If you have recently learned that your toddler has or might have autism, then it’s natural to wonder and worry about what’s in store for them next. No parent ever wants to hear that their child is anything but happy and healthy – and a diagnosis of ASD can be particularly frightening if you’re not familiar with it. You may find yourself feeling unsure as to how best to help your child or confused with conflicting advice. You may be concerned that there’s nothing you can do to make a difference.
Although it’s true that ASD is lifelong and a child cannot simply ‘grow out’ of it, there are many things that you can do as a parent to help your toddler thrive in their development, acquire new skills, and overcome a wide variety of developmental challenges typically presented by autism.
Start Treatment Right Away
The best thing that you can do is be proactive when it comes to getting support for your toddler. Whether it’s speech therapy or another recommended treatment type, seek help as soon as you suspect that something isn’t quite right – don’t wait around for an official diagnosis. The earlier that children with ASD get support, the greater their chance of figuring out how to manage their symptoms is for both of you.
Learn About Autism
Autism isn’t something your child will grow out of as they get older. So, as a parent, you need to be equipped to deal with this as a lifelong part of who your child is.
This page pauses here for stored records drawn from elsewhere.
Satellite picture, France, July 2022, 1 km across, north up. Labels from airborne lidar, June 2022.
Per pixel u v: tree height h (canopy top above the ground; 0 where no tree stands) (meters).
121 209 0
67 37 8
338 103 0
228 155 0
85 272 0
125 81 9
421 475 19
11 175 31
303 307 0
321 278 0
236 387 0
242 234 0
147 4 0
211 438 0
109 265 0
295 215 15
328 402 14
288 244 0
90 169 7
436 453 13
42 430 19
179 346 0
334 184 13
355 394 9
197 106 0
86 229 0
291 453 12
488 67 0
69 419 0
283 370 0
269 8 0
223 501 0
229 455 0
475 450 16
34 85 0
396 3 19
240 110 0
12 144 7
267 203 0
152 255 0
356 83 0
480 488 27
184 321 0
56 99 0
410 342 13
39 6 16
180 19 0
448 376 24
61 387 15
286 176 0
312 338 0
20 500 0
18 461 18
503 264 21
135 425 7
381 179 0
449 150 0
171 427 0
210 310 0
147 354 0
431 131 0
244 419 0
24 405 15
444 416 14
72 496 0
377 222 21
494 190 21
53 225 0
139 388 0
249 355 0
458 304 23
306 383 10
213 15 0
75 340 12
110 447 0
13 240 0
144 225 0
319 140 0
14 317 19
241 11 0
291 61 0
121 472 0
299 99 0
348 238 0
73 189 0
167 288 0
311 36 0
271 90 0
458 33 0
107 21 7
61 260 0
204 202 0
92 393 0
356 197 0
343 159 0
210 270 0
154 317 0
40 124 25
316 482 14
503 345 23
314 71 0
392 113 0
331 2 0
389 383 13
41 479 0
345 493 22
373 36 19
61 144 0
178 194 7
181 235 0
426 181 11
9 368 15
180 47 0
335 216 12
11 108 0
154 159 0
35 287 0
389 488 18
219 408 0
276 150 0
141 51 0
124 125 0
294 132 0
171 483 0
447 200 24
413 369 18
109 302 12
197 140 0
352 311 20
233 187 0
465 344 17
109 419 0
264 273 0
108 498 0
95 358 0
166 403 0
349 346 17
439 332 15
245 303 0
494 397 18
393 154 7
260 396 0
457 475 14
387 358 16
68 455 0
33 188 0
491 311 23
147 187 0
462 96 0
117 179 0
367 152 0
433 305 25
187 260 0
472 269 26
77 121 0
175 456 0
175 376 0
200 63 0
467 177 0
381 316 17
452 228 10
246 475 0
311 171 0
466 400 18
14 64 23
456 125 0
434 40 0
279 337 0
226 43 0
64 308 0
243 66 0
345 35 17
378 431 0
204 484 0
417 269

The more you know about ASD, the better prepared you will be to make informed decisions to help and support your child. Spend some time educating yourself on support and treatment options, join a support group for autism parents, and actively participate in any programs your child is involved in.
Really Get to Know Your Child
As the parent of a child with autism, you have to be nothing short of an expert on your kid. Children with autism are all different, and you need to know what triggers any challenging or disruptive behaviors that your child may have displayed, what they find frightening or stressful, what makes them uncomfortable, and what they enjoy too. When you have this deep understanding of exactly what affects your child and how you become much better at preventing or modifying situations that lead to difficulties.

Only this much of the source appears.